Chemical Synthesis of L-Fucose Derivatives for Acceptor Specificity Characterisation of Plant Cell Wall Glycosyltransferases

Abstract

Seven derivatives of L-fucose: methyl α-L-fucopyranoside, methyl 2-O-methyl-α-L-fucopyranoside, methyl 3-O-methyl-α-L-fucopyranoside, methyl 4-O-methyl-α-L-fucopyranoside, α-L-fucopyranosyl-(1→4)-α/β-L-rhamnopyranose, methyl α-L-fucopyranosyl-(1→4)-α-L-rhamnopyranoside and methyl α-L-fucopyranosyl-(1→4)-β-L-rhamnopyranoside, were chemically synthesized and characterized.
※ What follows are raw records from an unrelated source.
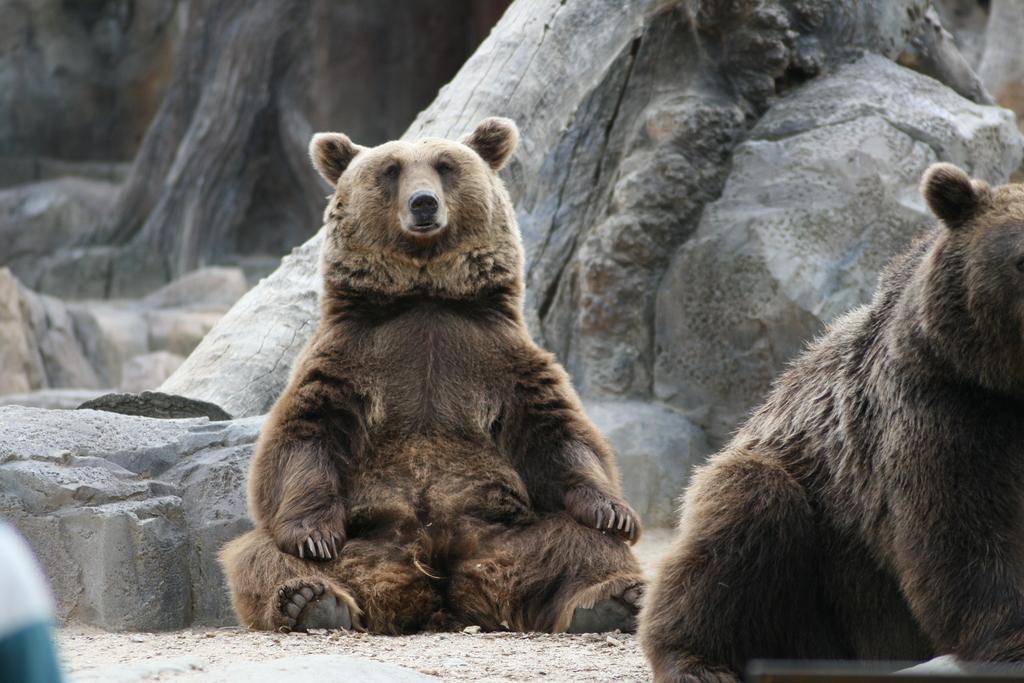Describe this image in one or two sentences. It is a bear which is in brown color, behind this there are stones. On the right side there is another bear. 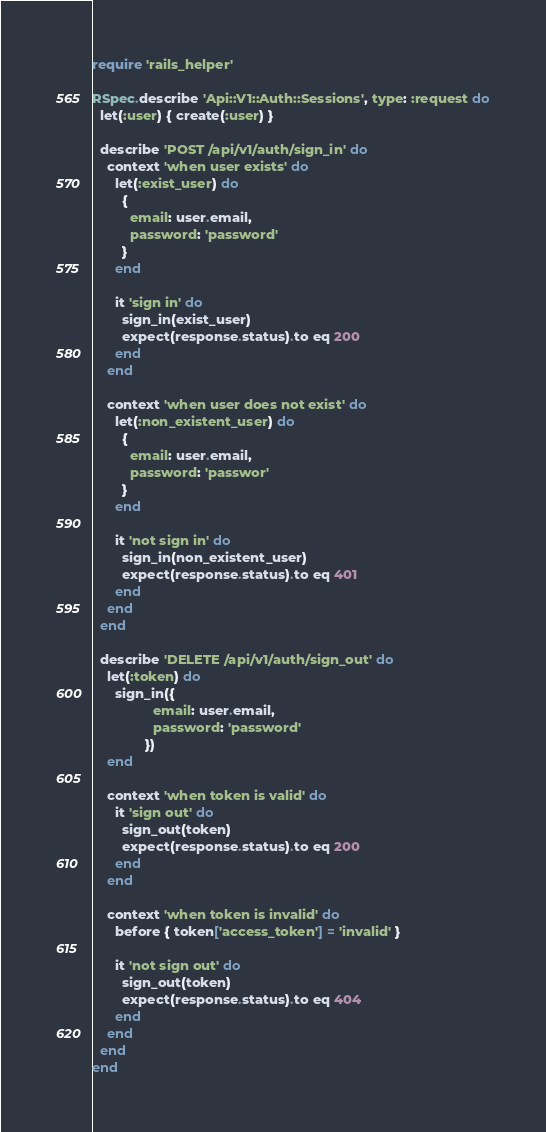<code> <loc_0><loc_0><loc_500><loc_500><_Ruby_>require 'rails_helper'

RSpec.describe 'Api::V1::Auth::Sessions', type: :request do
  let(:user) { create(:user) }

  describe 'POST /api/v1/auth/sign_in' do
    context 'when user exists' do
      let(:exist_user) do
        {
          email: user.email,
          password: 'password'
        }
      end

      it 'sign in' do
        sign_in(exist_user)
        expect(response.status).to eq 200
      end
    end

    context 'when user does not exist' do
      let(:non_existent_user) do
        {
          email: user.email,
          password: 'passwor'
        }
      end

      it 'not sign in' do
        sign_in(non_existent_user)
        expect(response.status).to eq 401
      end
    end
  end

  describe 'DELETE /api/v1/auth/sign_out' do
    let(:token) do
      sign_in({
                email: user.email,
                password: 'password'
              })
    end

    context 'when token is valid' do
      it 'sign out' do
        sign_out(token)
        expect(response.status).to eq 200
      end
    end

    context 'when token is invalid' do
      before { token['access_token'] = 'invalid' }

      it 'not sign out' do
        sign_out(token)
        expect(response.status).to eq 404
      end
    end
  end
end
</code> 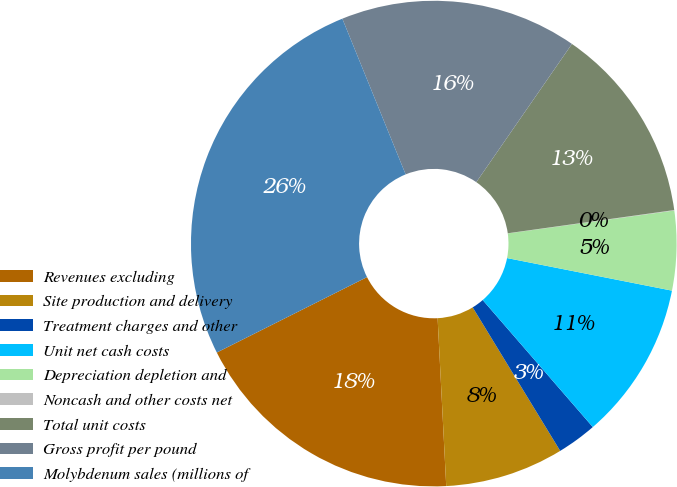Convert chart. <chart><loc_0><loc_0><loc_500><loc_500><pie_chart><fcel>Revenues excluding<fcel>Site production and delivery<fcel>Treatment charges and other<fcel>Unit net cash costs<fcel>Depreciation depletion and<fcel>Noncash and other costs net<fcel>Total unit costs<fcel>Gross profit per pound<fcel>Molybdenum sales (millions of<nl><fcel>18.41%<fcel>7.9%<fcel>2.65%<fcel>10.53%<fcel>5.28%<fcel>0.03%<fcel>13.16%<fcel>15.78%<fcel>26.26%<nl></chart> 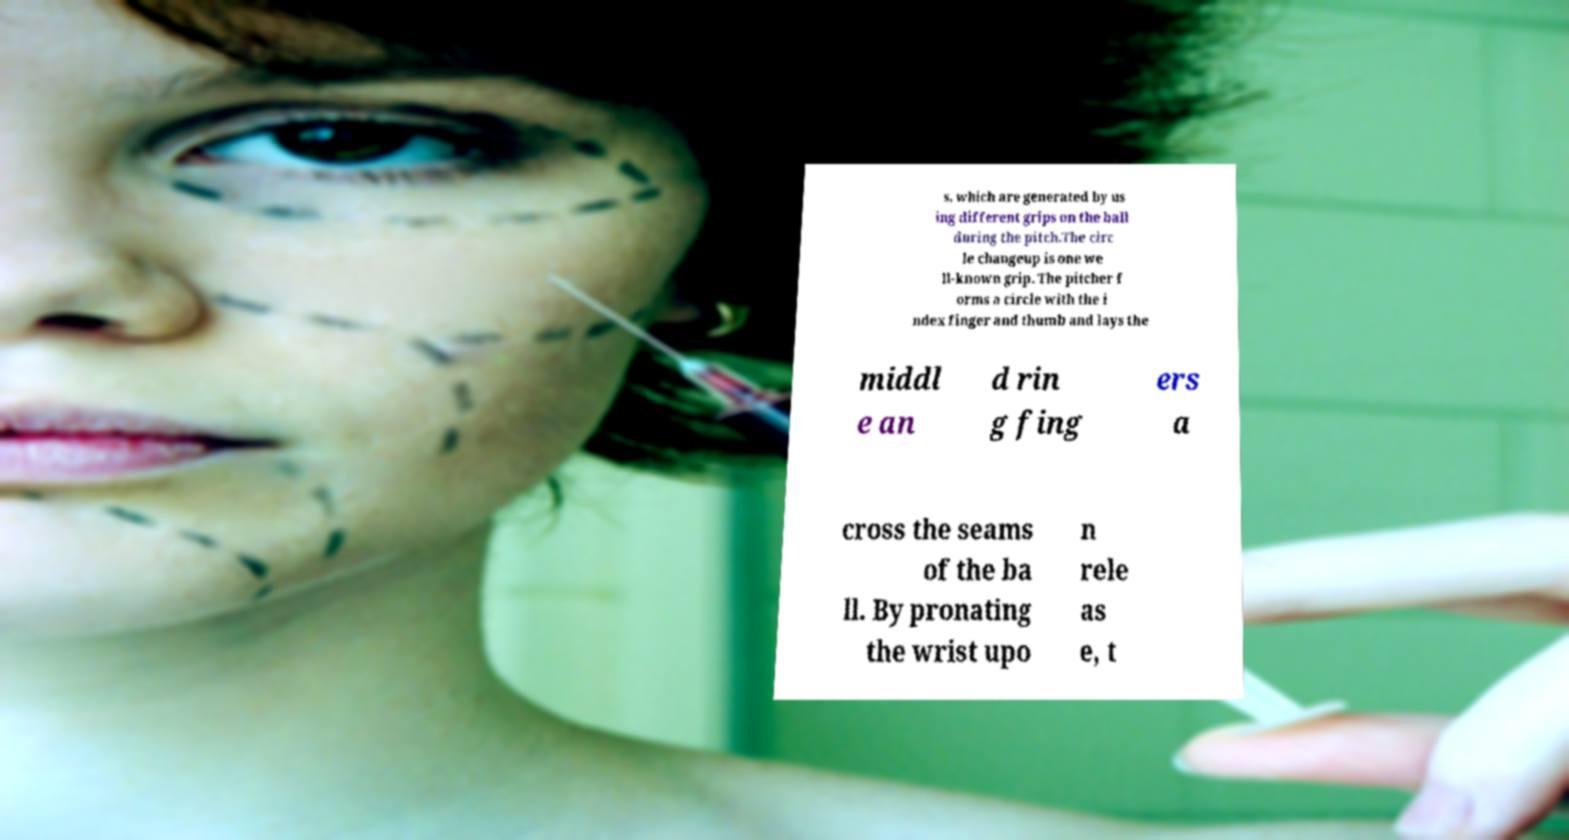Please read and relay the text visible in this image. What does it say? s, which are generated by us ing different grips on the ball during the pitch.The circ le changeup is one we ll-known grip. The pitcher f orms a circle with the i ndex finger and thumb and lays the middl e an d rin g fing ers a cross the seams of the ba ll. By pronating the wrist upo n rele as e, t

The derivatives of L-fucose were designed to mimic the L-fucose moieties present in the A-chain of pectic rhamnogalacturonan-II and used to investigate the regiospecificity of three heterologously expressed xylosyltransferases from Arabidopsis thaliana. The monosaccharide methyl α-L-fucopyranoside was the most efficient acceptor, 30 fold more effective than methyl 4-O-methyl-α-L-fucopyranoside. O-methylation in position 2 or 3 abolished acceptor function. The efficiencies of the disaccharides as acceptors were methyl α-L-fucopyranosyl-(1→4)-β-L-rhamnopyranoside > α-L-fucopyranosyl-(1→4)-α/β-L-rhamnopyranose > methyl α-L-fucopyranosyl-(1→4)-α-L-rhamnopyranoside. These findings demonstrate the utility of acceptor derivatives as probes of glycosyltransferase regiospecificity.